= Jean Gottmann =

French geographer (1915–1994)

(Ivan) Jean Gottmann (10 October 1915 – 28 February 1994) was a French Jewish geographer who was best known for his seminal study on the urban region of the Northeast megalopolis. His main contributions to human geography were in the sub-fields of urban, political, economic, historical and regional geography. His regional specializations ranged from France and the Mediterranean to the United States, Israel, and Japan.

==Early life and education==
Gottmann was born in Kharkiv, Ukraine, Russian Empire. He was the only child of prosperous Jewish parents of French and Dutch descent, Elie Gottmann and Sonia-Fanny Ettinger, who were killed in February 1918, following the Russian Revolution of 1917. He was adopted de facto by his aunt, Emily Gottmann, and uncle, Michel Berchin, and escaped with them to Paris in 1921 through what was then Constantinople in present-day Istanbul. In Constantinople, he changed his first name, Iona, to the French cognate Jean.

==Career==
Gottmann received a French education and became early a research assistant in economic geography at the Sorbonne (1937–41) under the guidance of Albert Demangeon, but was forced to leave his post with the Nazi invasion of France and the 1940 Statute of Jews, which banned him from public employment. He found refuge in the United States, where he received a Rockefeller Foundation fellowship to attend the Institute for Advanced Study in Princeton, New Jersey, in the seminar of Edward M. Earle.
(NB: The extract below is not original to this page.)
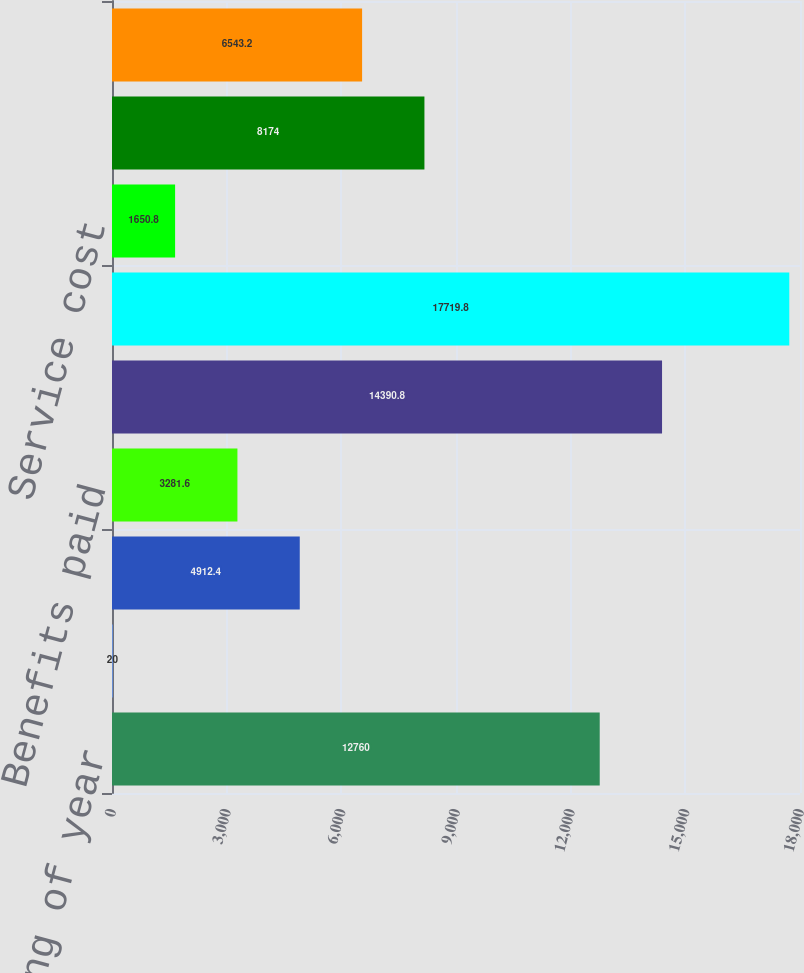Convert chart to OTSL. <chart><loc_0><loc_0><loc_500><loc_500><bar_chart><fcel>Fair value-beginning of year<fcel>Actual return on plan assets<fcel>Employer contributions<fcel>Benefits paid<fcel>Fair value-end of year<fcel>Projected benefit<fcel>Service cost<fcel>Interest cost<fcel>Actuarial loss (gain)<nl><fcel>12760<fcel>20<fcel>4912.4<fcel>3281.6<fcel>14390.8<fcel>17719.8<fcel>1650.8<fcel>8174<fcel>6543.2<nl></chart> 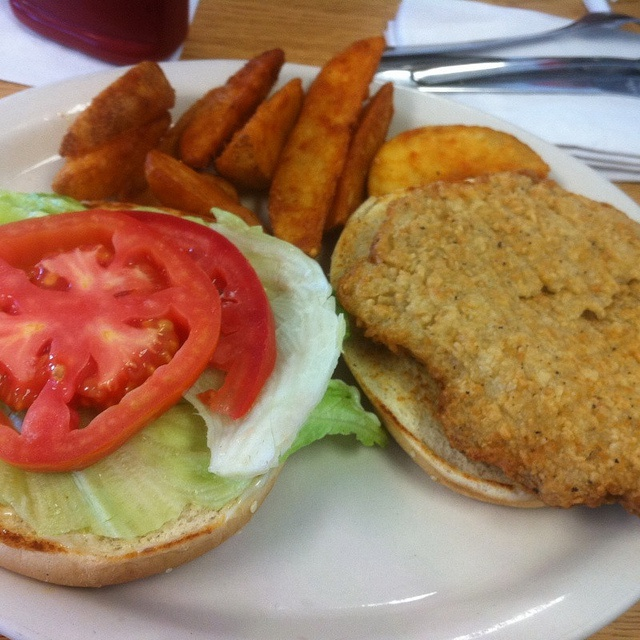Describe the objects in this image and their specific colors. I can see sandwich in lavender, brown, tan, salmon, and red tones, sandwich in lavender, olive, tan, and maroon tones, dining table in lavender, olive, gray, brown, and darkgray tones, spoon in lavender, gray, darkblue, and white tones, and knife in lavender, gray, darkblue, white, and black tones in this image.

During the war, he contributed to the U.S. effort by consulting for the Board of Economic Warfare in Washington and other agencies; he also joined Free France and the exiled French academic community teaching at the New School for Social Research. Isaiah Bowman hired him as a non-tenured professor at his new institute of geography of the Johns Hopkins University (1943–48). In 1945, he returned to France to work for the French Ministry of the Economy, and he also spent two years as director of research at the United Nations (1946–47).

After World War II, he started to commute between France and the United States in an effort to explain America's human geography to the French public and Europe's to the American. His multicultural perspective allowed him to get a grant from Paul Mellon to produce the first regional study of Virginia (1953–55) and financial support from The Century Foundation to study the megalopolis of the North-Eastern seaboard of the United States, which soon became a paradigm in urban geography and planning to define polynuclear global city-regions.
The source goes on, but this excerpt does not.